In its dreams, it’s the form of handsome period opus Anthony Minghella might be making if he hadn’t died, borrowing from his work a composer (Gabriel Yared), producer (William Horberg) and the sort of star pedigree (Oscar Isaac, Christian Bale) to confer a gritty importance.

It’s all entirely unembarrassing – touchingly played, in its better moments, and plunging us into the era’s heartbreak with some emotional force. What it lacks is original artistry, or a foreground story worth all the fuss.

The script, written to order by Robin (Benjamin Button) Swicord and tweaked substantially by the director, Hotel Rwanda’s Terry George, still feels like holding copy: insert love quadrangle here, open windows here, here, and here on the brutal pogrom against the Armenian people which Turkey still denies occurred.

So, on the eve of World War I, Turkish-Armenian apothecary Mikael (a hard-working Isaac) travels from his family’s village to train as a doctor in Constantinople, using the dowry he has won by proposing to a rich neighbour’s daughter (Angela Sarafyan). In the city, he falls in love with Charlotte Le Bon’s Ana, a beautiful, bewildered dance teacher who is herself pledged to Chris (Bale), an American war reporter just beginning to learn of the evacuations, and worse, being visited against the Ottoman Empire’s Armenian populace.

Christian Bale and Oscar Isaac in The Promise - Credit: Jose Haro/Open Road Films via AP
Christian Bale and Oscar Isaac in The Promise Credit: Jose Haro/Open Road Films via AP

The two couples are thrown hither and thither by the ensuing chaos, witnesses to mass slaughter who rarely feel like active agents in anything much. Just when this passivity is becoming a problem, George stages an unconvincing scrap with Ottoman soldiers next to a bunch of felled fruit carts. And the wider context is often botched, too. Even now, the federal US government doesn’t officially recognise the genocide, so it’s galling to witness a film which goes out of its way to present American characters, like Bale’s crusading journo, but also James Cromwell’s stern US ambassador, as watchmen on the right side of history.

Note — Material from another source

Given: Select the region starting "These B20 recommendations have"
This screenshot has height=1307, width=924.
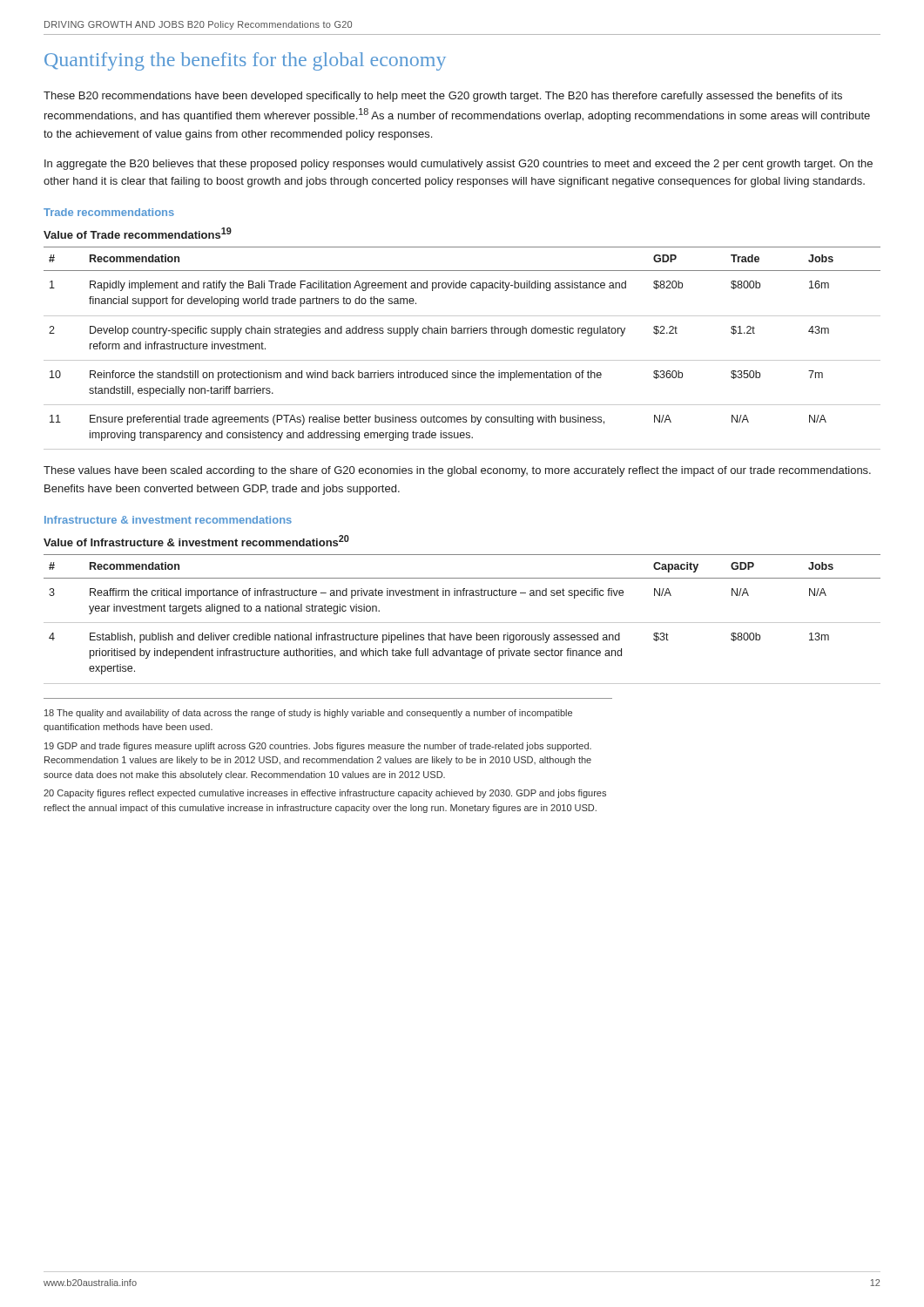Looking at the screenshot, I should point(457,114).

The actors aren’t to blame, even if Isaac, with his Omar Sharif-like brooding presence, is eventually defeated by his multiple scenes of wailing and grief. Mikael’s desperate ride on a night-time transport train, which turns out to be hastening his starving people to their fates, is one of the few sequences whose cinematic vigour a Minghella or Spielberg might have signed off on.

Christian Bale and Charlotte Le Bon in The Promise - Credit: Jose Haro/Open Road Films via AP
Christian Bale and Charlotte Le Bon in The Promise Credit: Jose Haro/Open Road Films via AP

Alongside the up-and-coming Marwan Kenzari, playing the token Turk who isn’t all bad, it’s Bale who lends most grit to this oyster: he musses up the scenery as best he can, making Chris an alcoholic malcontent chafing in his relationship and career.

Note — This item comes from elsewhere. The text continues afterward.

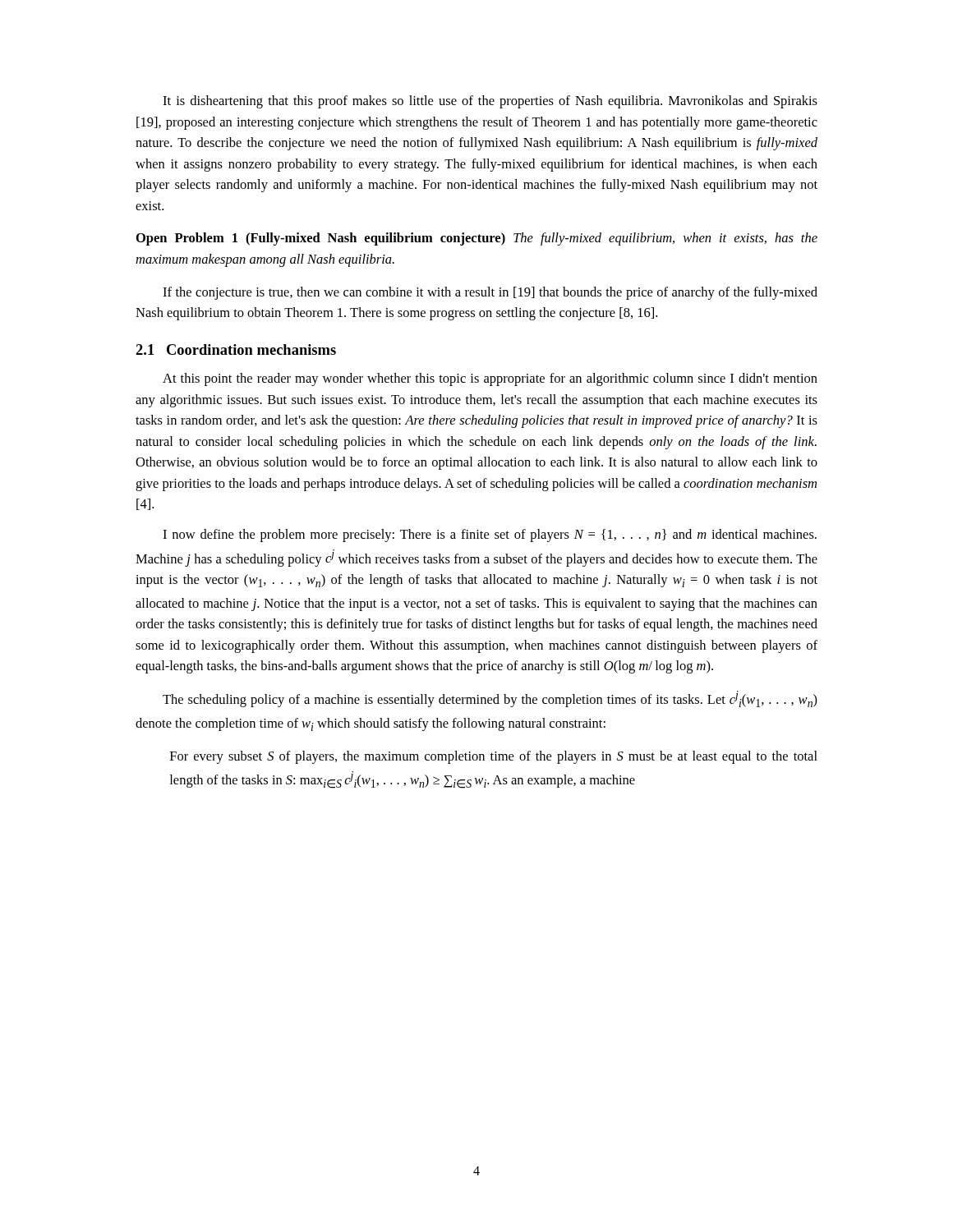Locate the block of text that opens with "The scheduling policy of a machine"
Screen dimensions: 1232x953
coord(476,711)

He’s no Billy Zane in Titanic, but the script doesn’t dare suggest that Mikael and Ana’s happiness hinges somewhat on getting him out of the way. Everyone’s motives are swallowed up by the horrors of the backdrop, and there’s only one scene of genuine animus between the two men, a conflict which could have driven this whole story usefully forward.

Intellectually, it’s all less than nourishing, a sweeping pageant of atrocities which gives no single player an ideologically complex role or asks any difficult questions. The film was the passion project of the late mogul Kirk Kerkorian, an Armenian-American who put the budget together and clearly hoped it would highlight this neglected episode for a mass audience.

As a history lesson, it’s both undisguised and elementary, an illustrated Wikipedia page which said audience can sense is tragically good for them a mile off. Nobly intended as it may all be, it’s a little too lifeless to hit home.